By Yashika Jain, National Law University, Delhi.
“To achieve as much as Kerala has done for a population of its size is no mean record in world history.”
—Amartya Sen
The debate on economic policy has never been as riveting as it is today, based on the choice between the two ideal models of growth as put forth by two completely different states of the nation- Kerala Development Model and Gujarat Growth Model. The Prime Minister of the nation boasts about the model of governance that he has created in his tenure as Chief Minister in Gujarat and promises to take the nation in that very direction. The Gujarat Development Model may have become the desire of a majority of India, yet, there are certain areas, which are not ready to be transformed into Gujarat and in fact hold out against it.
On the other side stands internationally hailed Kerala Model of Development which is applauded for its achievements and often referred to as a real hope for the future of Third World countries. Environmentalist Bill McKibben says, “Though mostly a land of paddy-covered plains, statistically Kerala stands out as the Mount Everest of social development; there’s truly no place like it.” This conflict of choosing between the two models shall decide the future set of actions that would turn the nation towards one of the models. This article focuses on the Kerala Model of Development and analysis its merits and demerits as a prospective model of development for whole of the nation.
The Indian state of Kerala has served to be an enigmatic and a paradoxical model to the economists and various developmental experts. The popular principle of development states that without achieving rapid economic development, high standard of living cannot be achieved. However, the Kerala Model of Development has disapproved this principle and has produced unmatchable socio-economic results by focussing on people’s development rather than economic development. Various unfathomable achievements of this small state are: a high human development experience without a sharp rural-urban divide or gender disparity, an extremely respectable food and nutritional security, a social security system that covers most of the unorganized sector, a female-male ratio consistently well above that of all India average, remarkable fertility decline achieved as a matter of choice, exceptional cultural attainments like greater learning time and wider reading habit, collapse of an oppressive caste structure and imparting self-respect to the ‘lower’ caste/strata people, abolition of feudal relations of production in the agrarian sector, a multi- religious population flourishing in symbiotic relationships and many more.

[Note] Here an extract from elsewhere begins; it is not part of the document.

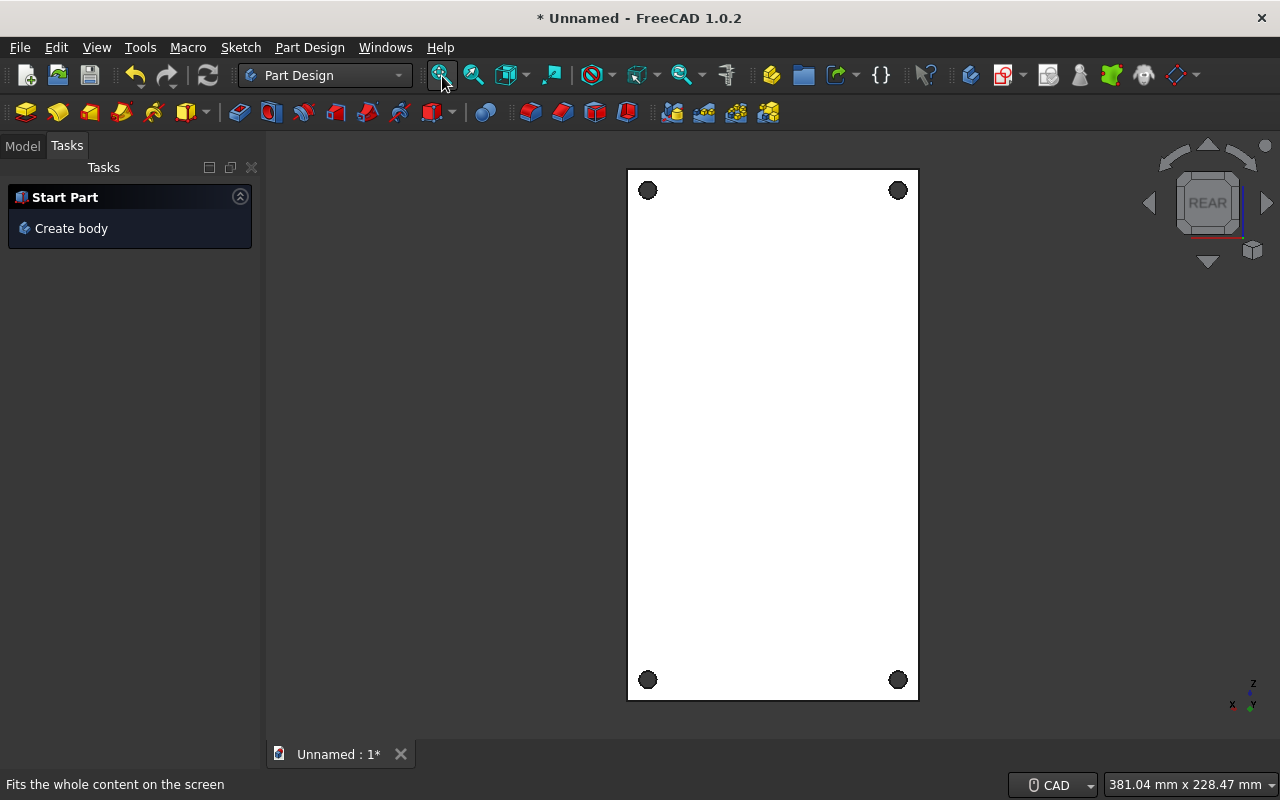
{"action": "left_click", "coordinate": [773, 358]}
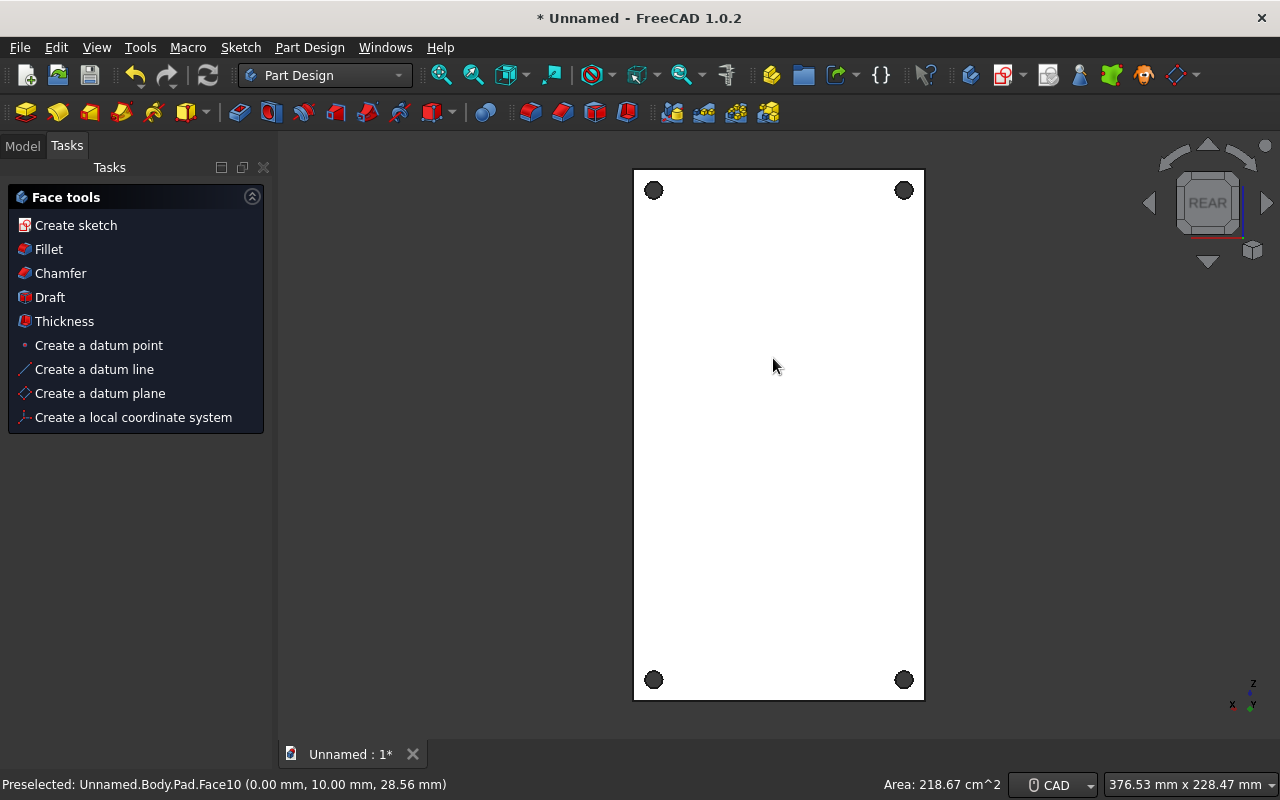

This was a result of initiatives taken at both governmental and non-governmental level. The factors that contributed the most were quality governance and leadership, political participation and adequate maintenance of law and order. Apart from this, Kerala citizens’ high levels of activism through social movements and zeal for social change was a big support. Kerala’s resources such as technical education, tele-density, power and urbanization also enabled the state to more efficiently achieve these goals.
But, no model is perfect. Along with the pros, come the cons. The initial agents that made possible the change that Kerala has brought, the agents like the Christian Church and their missionary organizations, social reform movements in various caste groups, trade unions and political parties whose activism actually made a difference, all of them are at present acting merely as pressure groups, busy either defending the status quo or extracting the maximum possible share of a cake that is not increasing in size. Large scale exploitation of resources has also been started. The model from the beginning only focussed upon social sector and not on growth, there has been a large scale increase in borrowings which is hitting the edifice of the model by causing the state fiscal problems.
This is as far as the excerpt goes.